*Task instructions*
Would you reproduce the data below exactly, please, leaving out its images?

*Dataset records*
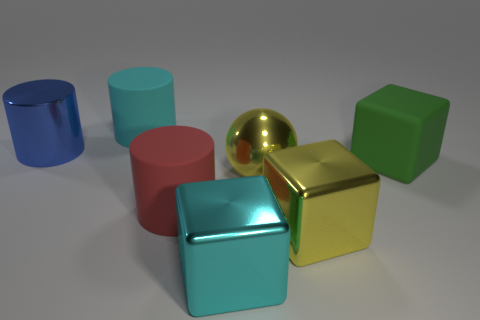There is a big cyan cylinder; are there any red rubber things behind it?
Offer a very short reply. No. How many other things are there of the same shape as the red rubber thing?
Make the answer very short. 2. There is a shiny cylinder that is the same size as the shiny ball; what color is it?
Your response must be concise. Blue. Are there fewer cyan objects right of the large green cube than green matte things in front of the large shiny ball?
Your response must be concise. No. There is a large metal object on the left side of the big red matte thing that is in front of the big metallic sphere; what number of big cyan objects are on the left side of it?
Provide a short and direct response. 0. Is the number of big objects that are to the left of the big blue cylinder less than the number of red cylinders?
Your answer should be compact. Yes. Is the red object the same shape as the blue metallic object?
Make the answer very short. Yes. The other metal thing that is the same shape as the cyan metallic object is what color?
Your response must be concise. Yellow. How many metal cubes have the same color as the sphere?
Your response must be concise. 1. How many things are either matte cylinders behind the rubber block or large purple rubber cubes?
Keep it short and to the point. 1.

*Solved problem*
There is a big cyan cylinder; are there any red rubber things behind it?
Offer a very short reply. No. How many other things are there of the same shape as the red rubber thing?
Make the answer very short. 2. There is a shiny cylinder that is the same size as the shiny ball; what color is it?
Your response must be concise. Blue. Are there fewer cyan objects right of the large green cube than green matte things in front of the large shiny ball?
Your response must be concise. No. There is a large metal object on the left side of the big red matte thing that is in front of the big metallic sphere; what number of big cyan objects are on the left side of it?
Provide a short and direct response. 0. Is the number of big objects that are to the left of the big blue cylinder less than the number of red cylinders?
Your answer should be compact. Yes. Is the red object the same shape as the blue metallic object?
Make the answer very short. Yes. The other metal thing that is the same shape as the cyan metallic object is what color?
Your response must be concise. Yellow. How many metal cubes have the same color as the sphere?
Your response must be concise. 1. How many things are either matte cylinders behind the rubber block or large purple rubber cubes?
Keep it short and to the point. 1.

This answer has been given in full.